26 April 2014, Abuja – The Presidential Task Force on Power (PTFP) yesterday stated that the total monthly invoiced revenue generated from exchanges in power generated in the electricity sector now averages about N23 billion.
PTFP however noted that the monthly revenue was in relation to Nigeria’s current electricity generation capacity which hovers around 3,500 to 4,000 megawatts (MW).
This came as the Nigerian National Petroleum Corporation(NNPC) has expressed its determination to deliver commercial value for the federal government gas revolution agenda in order to ensure efficient gas–to-power, gas-to-industry and sufficient gas for domestic consumption.
The Chairman of PTFP, Beks Dagogo-Jack, disclosed this in Abuja at a roundtable meeting of chief executive officers of various government agencies in the Nigerian oil, gas, power and finance sectors.
The meeting was convened at the instance of the Nigerian Content Development Management Board (NCDMB) to build linkages between critical agencies whose activities have good impacts on the overall economic programme of the federal government especially with regards to building up Nigeria’s in-country capacities across various sectors and creating jobs for Nigerians.
While justifying the federal government’s decision to pay off workers of defunct Power Holding Company of Nigeria (PHCN) as part of its privatisation programme for the power sector, Dagogo-Jack said: “If we were reluctant to pay off labour because of the huge demands they were asking, you have to look at the future.
And when you realise that on a monthly basis, our invoice at the current energy level is in the order of N23 billion, it means that in about 12 to 13 months, the market would have returned that amount of money and so there was no need to stay and fight labour over that money when there is darkness in the country.”
He noted that the country’s power sector requires the level of political will that it garnered in the run-off to the PHCN privatisation to sustain its growth, adding: “Typically, it is very difficult to move from where we are to where want to be. When I hear people talk about constant power supply as soon as we privatise, I tell them that it is a gradual process and it is the same in all of the country’s that have undertaken this sort of reform, we need the level of political will garnered in the privatisation process to sustain the growth of the market now.”
On the other hand, the Executive Secretary of NCDMB, Earnest Nwapa, stated that the meeting was called essentially to build synergy on the implementation local content development across major sectors of Nigeria’s economy.
Nwapa said: “We are public sector agencies working for the same federal government under the same transformation agenda of the government and in our case in the oil and gas industry, we have been able to structure an implementation programme for the local content and make a modest success off it and we felt that to take it to the entire economy, we need to mobilise other key sectors like power, telecoms, insurance.

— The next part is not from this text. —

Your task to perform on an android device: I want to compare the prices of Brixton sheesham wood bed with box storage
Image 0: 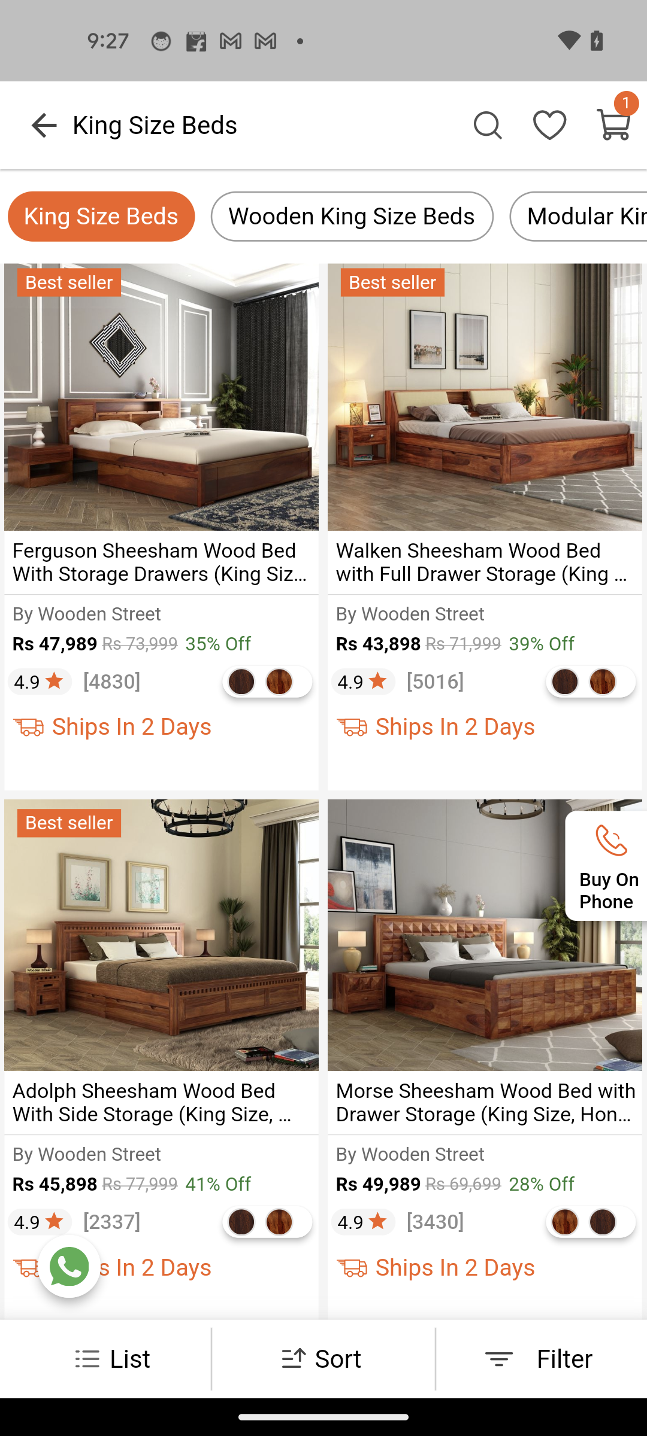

“That is why we felt that it is important to bring the very tops of these agencies that we call linkage agencies to come together and lets actually sit down to say that if the minister of petroleum can fix this within her industry, why don’t we take it around the entire economy.
“So, it has been very exciting and all the CEOs are committed to transferring the practice of local content into their activities but more importantly, to bring the linkages and let us see and learn from the lessons from the experience of each other especially with what the local content has done for the Nigerian oil and gas industry so that it can permeate the nation’s economy.
“We have not gotten 100 per cent of the local content potential in the oil and gas industry but we can do that when we expand the market share across board. Why should we import pipes for our water supply works but use made in Nigeria pipes for oil and gas operations? We should use the same pipes in the water sector too. We need to take the culture beyond the oil and gas sector so that other sectors can benefit and Nigerians can have jobs.”